RTC's VOIP delay

 

This blog explains the different components that contribute to the audio delay in a VOIP call, and then discusses RTC's VOIP delay numbers.

When any VOIP call made between any 2 VOIP entities, the end-to-end delay for the VOIP call can be categorized as following:

a. VOIP Sender side delay

b. Propagation delay on the wire between 2 VOIP entities.

c. VOIP receiver side delay

Since our focus is delay characteristics of a device running RTC, let's ignore the propagation delay for now.

On VOIP sender side, the following component contributes to delay in general:

1. Audio Driver capture delay.

2. VOIP stack send delay (RTC media stack send delay)

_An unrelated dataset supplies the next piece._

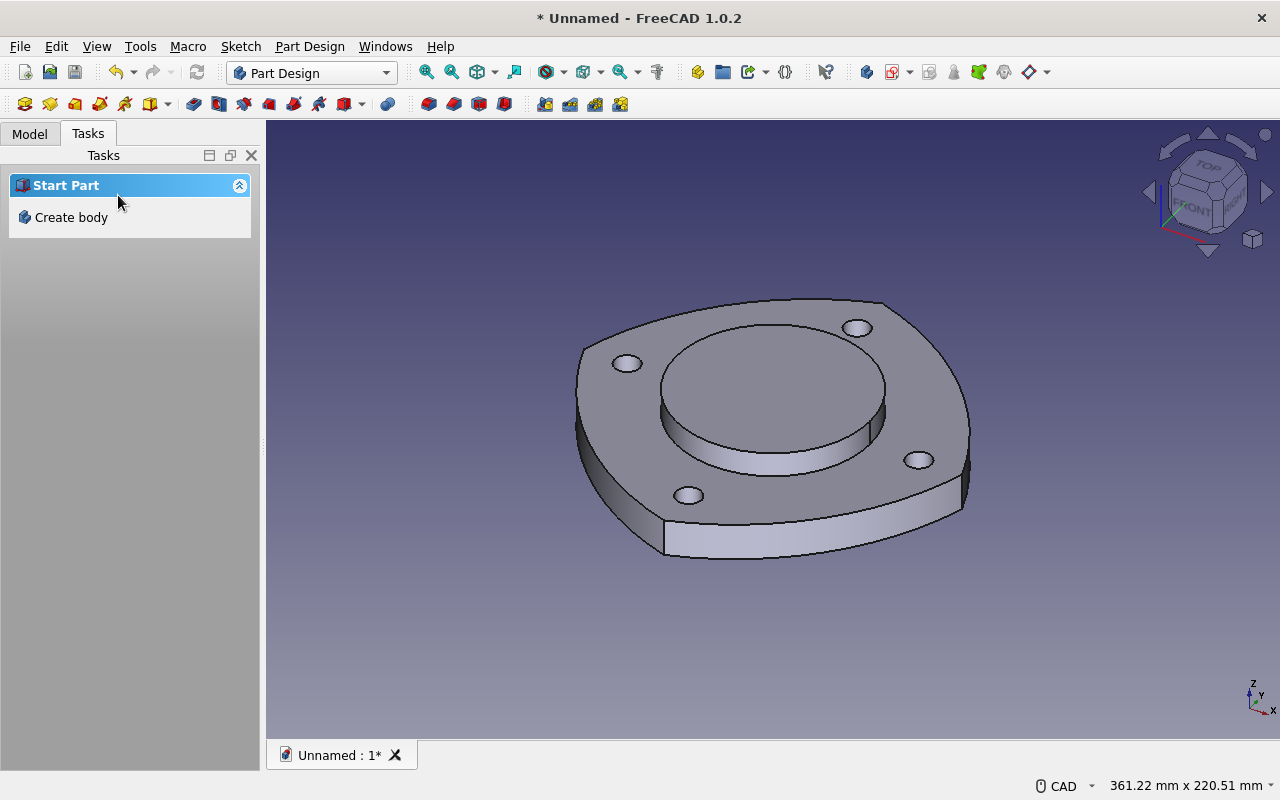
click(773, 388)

3. (OS network + network driver) send delay

On VOIP receiver side, the following component contributes to the delay:

4. (OS network + network driver) receive delay

5. VOIP stack receive delay (RTC media stack send delay)

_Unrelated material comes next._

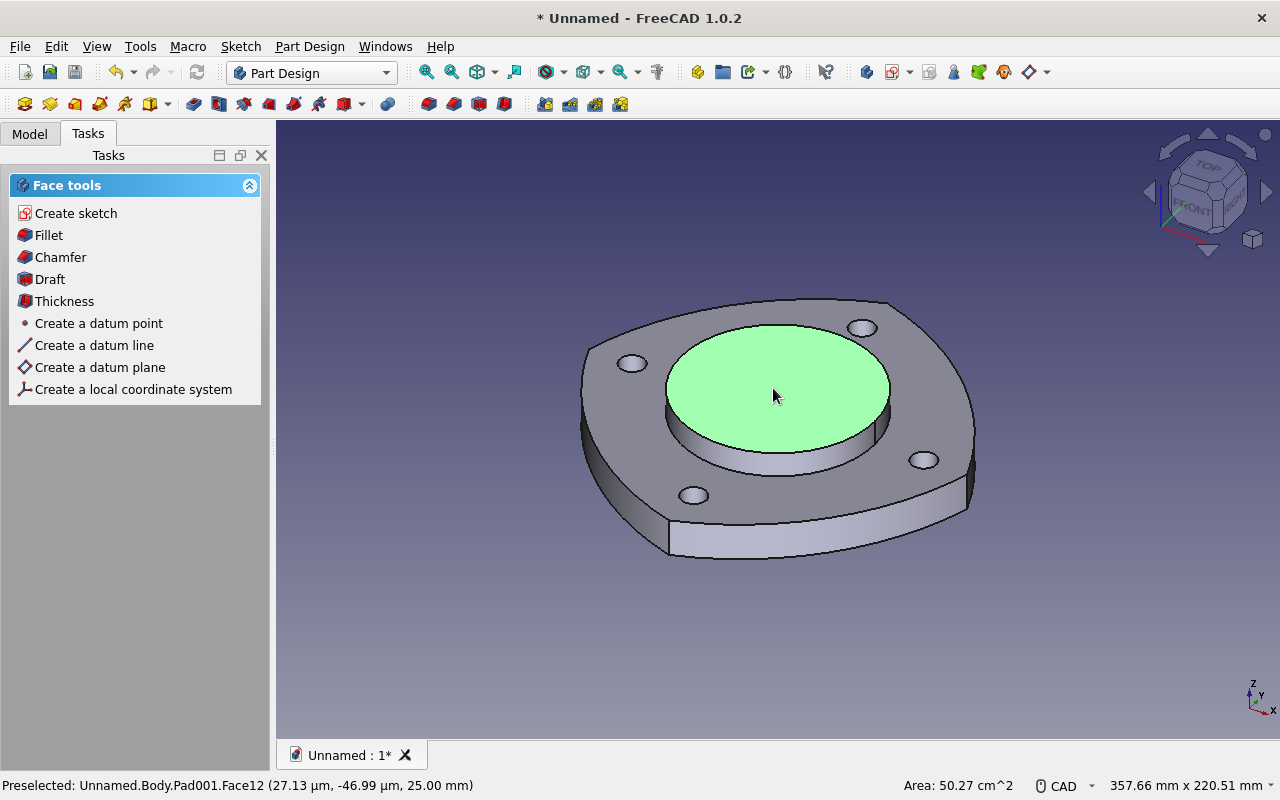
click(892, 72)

6. Audio Driver playback delay

As you can see, besides VOIP (RTC) stack delay, the end-to-end delay is also dependent on the network driver as well as the audio driver of the devices, which can vary from device to device.

Let us now look at RTC numbers with respect to the above categories.

For RTC, when a peer-to-peer VOIP call is made between 2 CEPCs (x86 machines running CE) sitting side-by-side in a lab, and using G711 codec, the total end-to-end delay measured was around 70msec.

RTC’s send delay (i.e. time spent by an audio packet within RTC media stack only, after RTC receives it from the waveIn and just before RTC submits the packet to socket layer to transmit over the wire) was measured around 2 to 3 msec

RTC’s receive delay (i.e. time spent by an audio packet within RTC media stack only, after RTC receives it from the socket layer and just before it submits the packet to wave API layer to play) is around 35 to 38 msec. The receive delay is more because RTC has an audio healer algorithm to dejitter and heal received audio data.

 

So the total RTC delay (send + receive) is around 38 to 40 msec.

The rest of the time (70 – 40 = 30 msec) is spent in the network + audio driver.

Since a human ear can tolerate a delay of around 200 mec, there is plenty of room for propagation delay.